Atmospheric fates of SO2 at the gas–solid interface of iron oxyhydroxide (FeOOH) minerals: effects of crystal structure, oxalate coating and light irradiance

Abstract

Iron oxyhydroxide (FeOOH) is one of the most abundant atmospheric iron oxides. Considering their diverse emission features and reaction processes, airborne FeOOH minerals present distinct crystal structures and coating compositions. Nevertheless, little attention has been paid to the atmospheric fates of SO₂ over the gas–solid interface of FeOOH, let alone the impacts of sunlight and its irradiance.

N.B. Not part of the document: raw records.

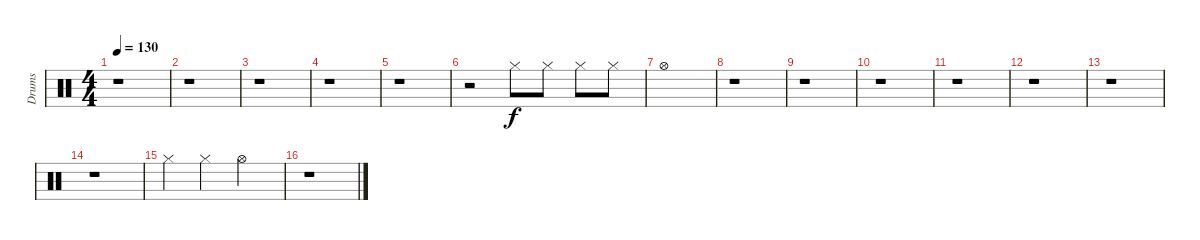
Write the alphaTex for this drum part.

\track ("Drums" "Drums") {instrument percussion}
\staff {score}
\articulation defaults
\ts (4 4)
\tempo 130
\clef neutral
\ks c
r.1{dy f} |
r.1 |
r.1 |
r.1 |
r.1 |
r.2 "Hi-Hat (closed)".8 "Hi-Hat (closed)".8 "Hi-Hat (closed)".8 "Hi-Hat (closed)".8 |
"Hi-Hat (open)".1 |
r.1 |
r.1 |
r.1 |
r.1 |
r.1 |
r.1 |
r.1 |
"Hi-Hat (closed)".4 "Hi-Hat (closed)".4 "Hi-Hat (open)".2 |
r.1
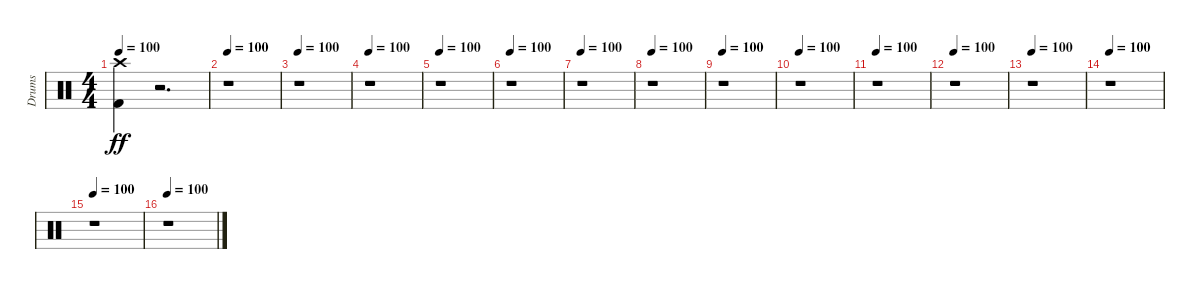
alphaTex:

\track ("Drums" "Drums") {instrument percussion}
\staff {score}
\articulation defaults
\ts (4 4)
\tempo 100
\clef neutral
\ks c
("Crash high (hit)" "Kick (hit) 2").4{dy ff} r.2{d} |
\tempo 100
r.1 |
\tempo 100
r.1 |
\tempo 100
r.1 |
\tempo 100
r.1 |
\tempo 100
r.1 |
\tempo 100
r.1 |
\tempo 100
r.1 |
\tempo 100
r.1 |
\tempo 100
r.1 |
\tempo 100
r.1 |
\tempo 100
r.1 |
\tempo 100
r.1 |
\tempo 100
r.1 |
\tempo 100
r.1 |
\tempo 100
r.1
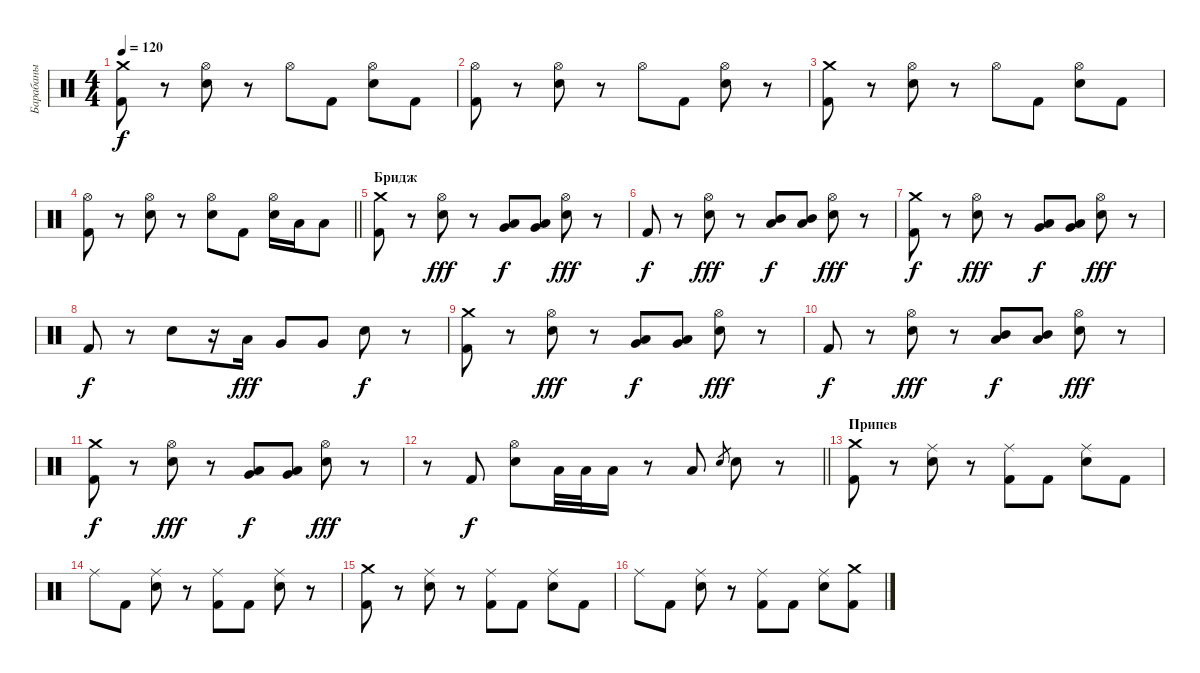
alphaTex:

\track ("Барабаны" "Барабаны") {instrument percussion}
\staff {score}
\articulation defaults
\ts (4 4)
\tempo 120
\clef neutral
\ks c
("Kick (hit) 2" "Crash medium (hit)").8{dy f} r.8 ("Hi-Hat (open)" "Snare (hit) 2").8 r.8 "Hi-Hat (open)".8 "Kick (hit) 2".8 ("Hi-Hat (open)" "Snare (hit) 2").8 "Kick (hit) 2".8 |
("Hi-Hat (open)" "Kick (hit) 2").8 r.8 ("Hi-Hat (open)" "Snare (hit) 2").8 r.8 "Hi-Hat (open)".8 "Kick (hit) 2".8 ("Hi-Hat (open)" "Snare (hit) 2").8 r.8 |
("Kick (hit) 2" "Crash medium (hit)").8 r.8 ("Hi-Hat (open)" "Snare (hit) 2").8 r.8 "Hi-Hat (open)".8 "Kick (hit) 2".8 ("Hi-Hat (open)" "Snare (hit) 2").8 "Kick (hit) 2".8 |
\barLineRight lightlight
("Hi-Hat (open)" "Kick (hit) 2").8 r.8 ("Hi-Hat (open)" "Snare (hit) 2").8 r.8 ("Hi-Hat (open)" "Snare (hit) 2").8 "Kick (hit) 2".8 ("Hi-Hat (open)" "Snare (hit) 2").16 "Low Tom (hit)".16 "Low Tom (hit)".8 |
\section ("" "Бридж")
("Kick (hit) 2" "Crash medium (hit)").8 r.8 ("Hi-Hat (open)" "Snare (hit) 2").8{dy fff} r.8 ("Low Tom (hit)" "Very Low Tom (hit)").8{dy f} ("Low Tom (hit)" "Very Low Tom (hit)").8 ("Hi-Hat (open)" "Snare (hit) 2").8{dy fff} r.8 |
"Kick (hit) 2".8{dy f} r.8 ("Hi-Hat (open)" "Snare (hit) 2").8{dy fff} r.8 ("Low Tom (hit)" "Mid Tom (hit)").8{dy f} ("Low Tom (hit)" "Mid Tom (hit)").8 ("Hi-Hat (open)" "Snare (hit) 2").8{dy fff} r.8 |
("Kick (hit) 2" "Crash medium (hit)").8{dy f} r.8 ("Hi-Hat (open)" "Snare (hit) 2").8{dy fff} r.8 ("Low Tom (hit)" "Very Low Tom (hit)").8{dy f} ("Low Tom (hit)" "Very Low Tom (hit)").8 ("Hi-Hat (open)" "Snare (hit) 2").8{dy fff} r.8 |
"Kick (hit) 2".8{dy f} r.8 "Snare (hit) 2".8 r.16 "Low Tom (hit)".16{dy fff} "Very Low Tom (hit)".8 "Very Low Tom (hit)".8 "Snare (hit) 2".8{dy f} r.8 |
("Kick (hit) 2" "Crash medium (hit)").8 r.8 ("Hi-Hat (open)" "Snare (hit) 2").8{dy fff} r.8 ("Low Tom (hit)" "Very Low Tom (hit)").8{dy f} ("Low Tom (hit)" "Very Low Tom (hit)").8 ("Hi-Hat (open)" "Snare (hit) 2").8{dy fff} r.8 |
"Kick (hit) 2".8{dy f} r.8 ("Hi-Hat (open)" "Snare (hit) 2").8{dy fff} r.8 ("Low Tom (hit)" "Mid Tom (hit)").8{dy f} ("Low Tom (hit)" "Mid Tom (hit)").8 ("Hi-Hat (open)" "Snare (hit) 2").8{dy fff} r.8 |
("Kick (hit) 2" "Crash medium (hit)").8{dy f} r.8 ("Hi-Hat (open)" "Snare (hit) 2").8{dy fff} r.8 ("Low Tom (hit)" "Very Low Tom (hit)").8{dy f} ("Low Tom (hit)" "Very Low Tom (hit)").8 ("Hi-Hat (open)" "Snare (hit) 2").8{dy fff} r.8 |
\barLineRight lightlight
r.8 "Kick (hit) 2".8{dy f} ("Hi-Hat (open)" "Snare (hit) 2").8 "Low Tom (hit)".32 "Low Tom (hit)".32 "Low Tom (hit)".16 r.8 "Low Tom (hit)".8 "Snare (hit) 2".8{gr} "Snare (hit) 2".8 r.8 |
\section ("" "Припев")
("Kick (hit) 2" "Crash medium (hit)").8 r.8 ("Ride (middle)" "Snare (hit) 2").8 r.8 ("Ride (middle)" "Kick (hit) 2").8 "Kick (hit) 2".8 ("Ride (middle)" "Snare (hit) 2").8 "Kick (hit) 2".8 |
"Ride (middle)".8 "Kick (hit) 2".8 ("Ride (middle)" "Snare (hit) 2").8 r.8 ("Ride (middle)" "Kick (hit) 2").8 "Kick (hit) 2".8 ("Ride (middle)" "Snare (hit) 2").8 r.8 |
("Kick (hit) 2" "Crash medium (hit)").8 r.8 ("Ride (middle)" "Snare (hit) 2").8 r.8 ("Ride (middle)" "Kick (hit) 2").8 "Kick (hit) 2".8 ("Ride (middle)" "Snare (hit) 2").8 "Kick (hit) 2".8 |
"Ride (middle)".8 "Kick (hit) 2".8 ("Ride (middle)" "Snare (hit) 2").8 r.8 ("Ride (middle)" "Kick (hit) 2").8 "Kick (hit) 2".8 ("Ride (middle)" "Snare (hit) 2").8 ("Kick (hit) 2" "Crash medium (hit)").8

Herein, by employing in situ diffuse reflectance infrared Fourier transform spectroscopy (DRIFTS), the heterogeneous reaction of SO₂ was investigated on nanoscale FeOOH with different crystal structures, followed by a discussion on the effects of oxalate coating and light irradiance. Results indicated that the heterogeneous uptake capacity varies with crystal structure (α-FeOOH > β-FeOOH > γ-FeOOH), probably due to the different structural properties of the exposed crystal structures. The presence of stimulated solar irradiation facilitates the conversion of SO₂ on β-FeOOH and γ-FeOOH, whereas it inhibits the heterogeneous uptake on α-FeOOH. The addition of 5 wt% oxalate was discovered to significantly increase the reactive uptake coefficients of irradiated α-FeOOH and β-FeOOH by a factor of 3 and 2, which can be explained by the complex nature of iron with oxalate. The kinetic synergism between oxalate and sunlight was, for the first time, investigated in the heterogeneous regime of sulfate formation. The heterogeneous reactivity of FeOOH is nonlinearly correlated to light intensity and the exact dependence varies with crystal structure. This study contributes to a better understanding of atmospherically relevant heterogeneous reactions and haze formation, thus promoting laboratory studies and model simulations concerning atmospheric chemistry.